Biopsy Core Density (Core Per Gram Ratio) Predicts Prostate Cancer Detection on Transrectal Ultrasound-Guided Prostate Biopsy.

Michael J. Schwartz, Andrew Hung, David Hwang, Jullet Han, Ming-Ming Lee, Justin W. McClain, M. Mendel Shemtov, Alexis E. Te, R. Ernest Sosa, E. Darracott Vaughan, Jr., Douglas S. Scherr

Department of Urology, New York Presbyterian Hospital, Weill Medical College of Cornell University


 

Introduction and objective: We reviewed all transrectal ultrasound (TRUS) guided prostate biopsies performed at our institution over the past 13 years to determine the optimal number of biopsy cores to take at the time of biopsy, controlling for prostate size.

Methods: A database of all TRUS guided prostate biopsies performed from August 1993 through December 2005 was compiled from a retrospective chart review. Patients with incomplete charts or prior intervention potentially affecting PSA were excluded. Patient age, PSA, digital rectal exam (DRE) findings, indication for biopsy, number of cores taken, prostate volume, and biopsy results were recorded. Positive predictive value was calculated for a range of biopsy core density (number of cores per gram of prostate tissue). Multivariate logistic regression models were also performed to evaluate the correlation of biopsy core density and positive biopsy rate.

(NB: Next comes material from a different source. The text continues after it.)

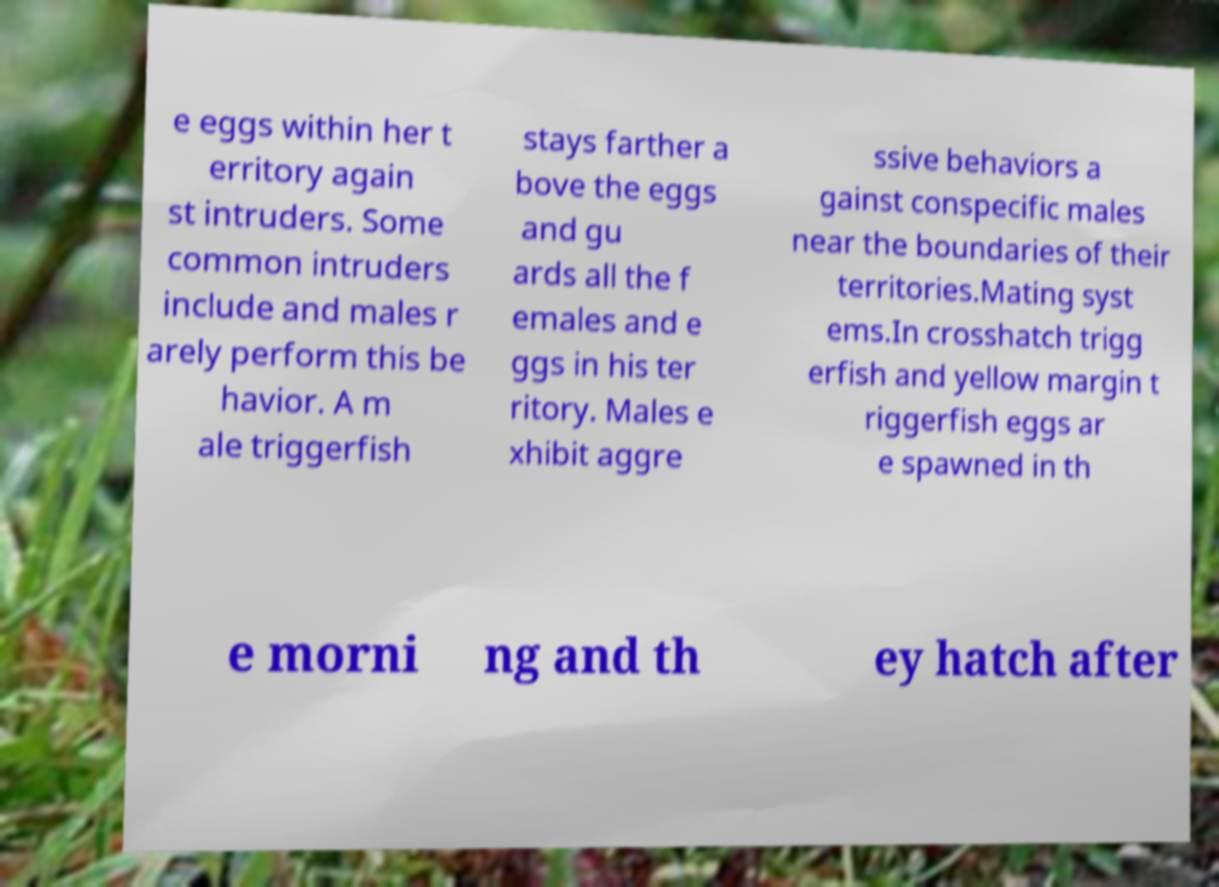Could you assist in decoding the text presented in this image and type it out clearly? e eggs within her t erritory again st intruders. Some common intruders include and males r arely perform this be havior. A m ale triggerfish stays farther a bove the eggs and gu ards all the f emales and e ggs in his ter ritory. Males e xhibit aggre ssive behaviors a gainst conspecific males near the boundaries of their territories.Mating syst ems.In crosshatch trigg erfish and yellow margin t riggerfish eggs ar e spawned in th e morni ng and th ey hatch after

Results: 3,634 prostate biopsies were performed at our institution over 13 years. Of these, 2,017 biopsies were performed that met criteria and with all parameters available at the time of this study. On multivariate logistic regression analysis, increases in biopsy core density predicted cancer detection better than increases age or PSA. For each increase of 0.1 in core density, there was a 1.45 fold increased risk of cancer findings on prostate biopsy (P ≤ 0.0001). A core per gram ratio between 0.6 and 0.7 maximized likelihood of finding cancer. However, the number of patients with higher core per gram ratios were too small to reliably demonstrate if higher cancer detection rates would be seen with a core density > 0.7. Biopsy core density tended to be lower in the early years or our study compared with more recent years, an expected finding considering an increase in the number of cores taken per biopsy session over time. Biopsy core density was inversely correlated with age (R = -0.941) and directly correlated with biopsy yield (R = 0.928).

Conclusions: Biopsy core density is a significant predictor of prostate cancer detection on TRUS guided biopsy, and is a better predictor than age or PSA. Given this finding, perhaps the number of biopsy cores taken should be determined by the size of the patient’s prostate rather than using a standard number of cores for all patients. The benefits of taking additional cores would have to be weighed against the risk of possible additional morbidity. Further evaluation in additional cohorts of patients is warranted to confirm these results.